Barriers to a Traditional Art
The art of braiding has been passed down from generation to generation, learned by many, like Fatou, as children and by others, like Melony, through dedicated study and practice as adults. Yet some states bar the paid practice of braiding until braiders have spent hundreds or even thousands of hours in classes that may not even teach braiding—thus preventing them from doing something that they already know how to do and that involves no dangerous tools, heat or chemicals. Meanwhile, numerous other states do not license braiding at all.
In fact, as of July 2016, 18 states do not require braiders to be licensed or registered. 1 Though most of these states licensed braiders at one time or another, they removed their barriers in the face of growing opposition from hair braiders and a lack of evidence regarding safety concerns. Virginia’s Department of Professional and Occupational Regulation, for example, found that “no evidence of public harm supported the continued regulation of hair braiding” and ended its regime in 2012. 2
Colorado previously forced braiders to become licensed under the state’s cosmetology regime, an arrangement the state Department of Regulatory Agencies (DORA) called “cumbersome” in 2008 after it found only three complaints against braiders between 2000 and 2008. 3
DORA recommended an exemption for braiders, and in 2015 the Colorado Legislature obliged.

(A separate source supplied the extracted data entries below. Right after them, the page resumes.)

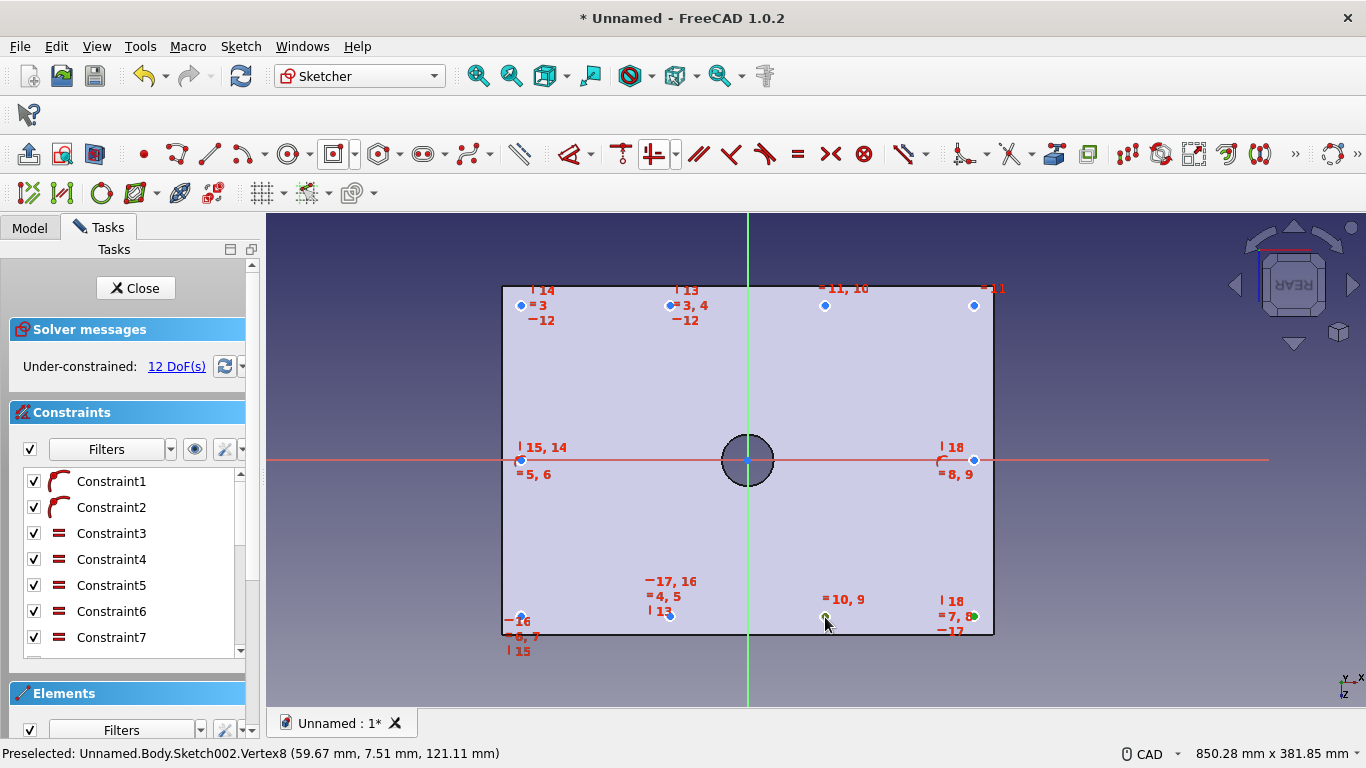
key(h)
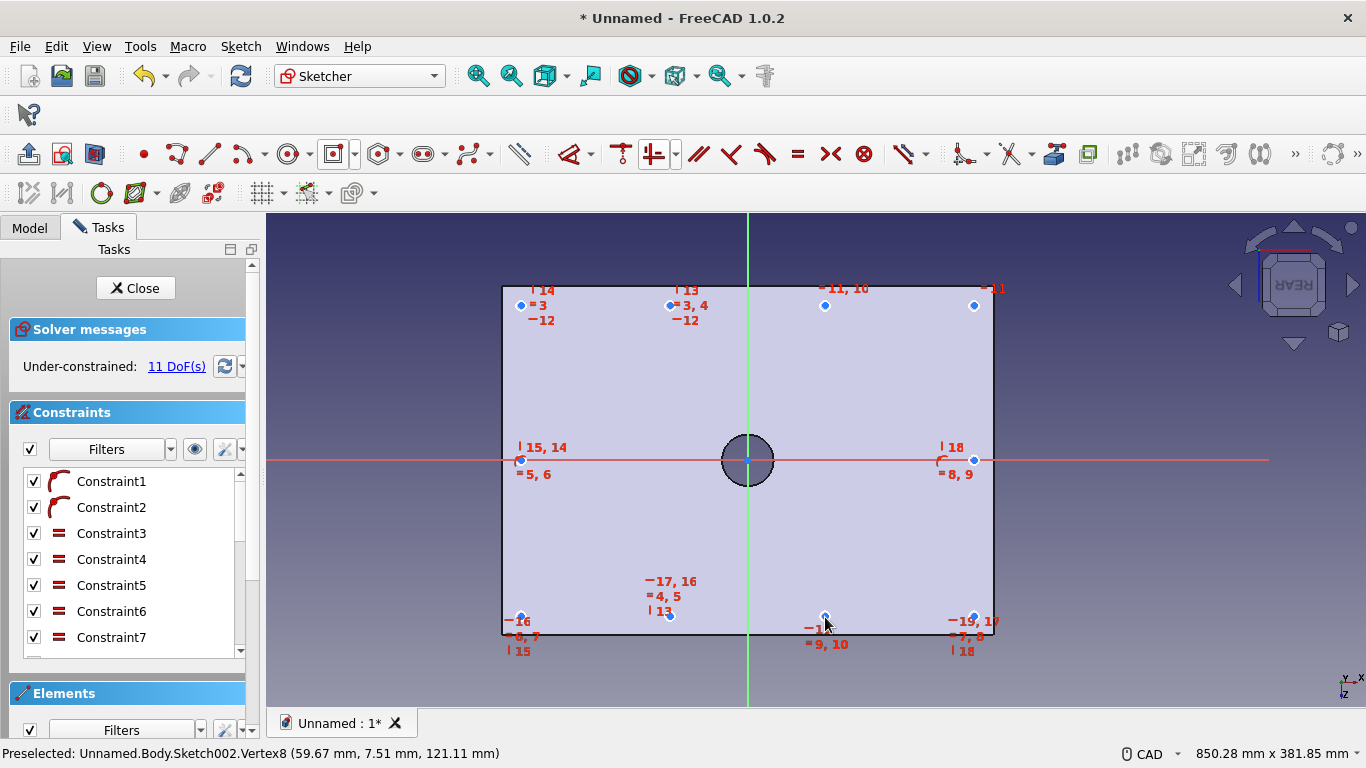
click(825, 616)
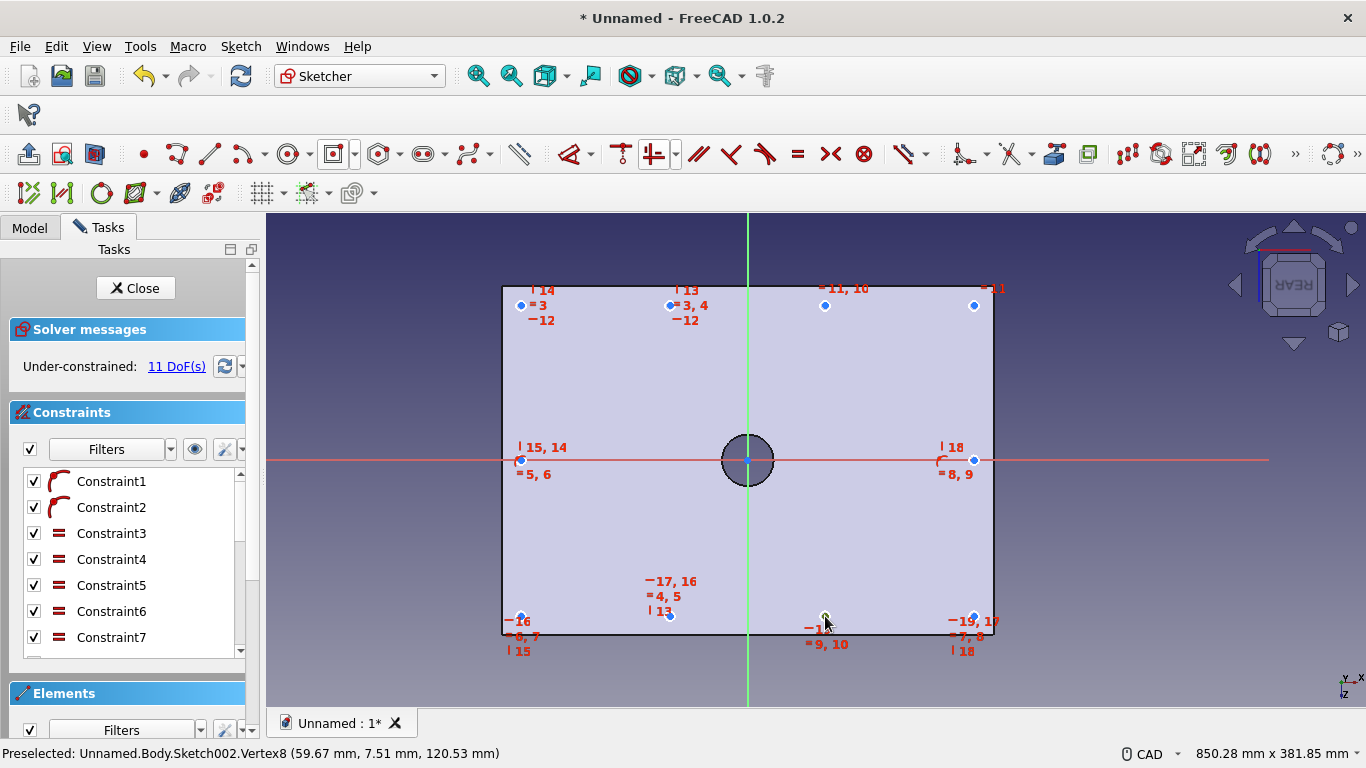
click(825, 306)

On the other end of the spectrum, 16 states require hair braiders to get cosmetology licenses. 4 In cosmetology programs, braiders spend between 1,000 and 2,100 hours in training, depending on the state, and thousands of dollars on tuition. They learn how to use chemicals, cut hair and provide other services that are entirely unrelated to hair braiding and even antithetical to the ethos of natural hair care—but not necessarily how to braid hair.
In the middle are the 14 states 5 and the District of Columbia that require a specialized license for hair braiders and Mississippi and Iowa, which stopped licensing braiders in 2005 and 2016, respectively, and now require braiders like Melony to register with the state. The requirements for specialty licenses, such as the one Fatou had to earn, range from a single exam to 600 hours of training and two exams. Figure 2 shows the variation in hours of training required to work as a braider across all 50 states and D.C. (see Appendix A for citations). Specialty licenses also vary in terms of how much time their curriculums devote to teaching safety. Some specialty braiding licenses only cover such topics in their exams, while others require from six to upwards of 175 hours of instruction on scalp disorders or sanitation 6 (see Appendix B for greater detail). Additionally, tuition, licensing and exam fees can run into the thousands of dollars.
Some states abolished their licensing requirements for braiders entirely after acknowledging that braiders did not pose a serious risk to the public.
Not only is there wide variation in how and whether braiders are licensed across states, but within states the requirements for braiders often appear out of sync with the health and safety risks they pose. For example, emergency medical technicians hold people’s lives in their hands, and yet 10 specialty states and D.C. require more hours of training to braid hair than they do to become an EMT. In fact, Oklahoma requires nearly four times as many hours to braid hair as it does to become an EMT. And in the states that license braiders as cosmetologists, the differences are even starker—such states require that braiders complete between three and 19 times more training hours than EMTs. 7
Such inconsistencies in licensing regimes across and between states are not unique to braiding. In 2012’s License to Work, the Institute for Justice found a difference of more than 1,000 days between the minimum and maximum education and experience requirements for licensure for 39 of the 102 low- and moderate-income occupations profiled. Another 23 occupations had differences of more than 700 days—or approximately 3,000 hours. 8
Such striking disparities call into question whether higher barriers to entry serve to protect the health and safety of consumers. After all, the 18 states that do not license braiders—and Mississippi, which has required simple registration since 2005—do not appear to be suffering any ill effects as a result. And some of them abolished their licensing requirements for braiders entirely after acknowledging that braiders did not pose a serious risk to the public. Do braiders in other states really pose such a risk that they require up to 2,100 hours of training?
*Iowa and Mississippi require registration only.
**Oregon’s specialty braiding license requires only completion of an online module and a written exam.
***The Minnesota cosmetology board claims to have no enforcement authority over the specialty braiding license in its statutes.
This study aims to determine how great a risk hair braiders pose to public health and safety by analyzing complaint data collected by state licensing boards. It also aims to determine whether there is a relationship between the number of training hours a state requires for a braiding license or registration and the number of licensed or registered braiders in that state. Taken together, these questions indicate whether licensing generates any public benefits given the potential costs of fewer job opportunities.
This study examines these questions by focusing on states with specialty licenses or registration for braiders. These states identify braiders as a separate category from cosmetologists, allowing for a unique opportunity to obtain data specifically about braiders. Such data are impossible to collect from states where braiders are treated like cosmetologists because braiders and complaints against braiders cannot be distinguished from cosmetologists and complaints against cosmetologists. And states that do not license or register braiders collect neither lists of their braiders nor complaints against them.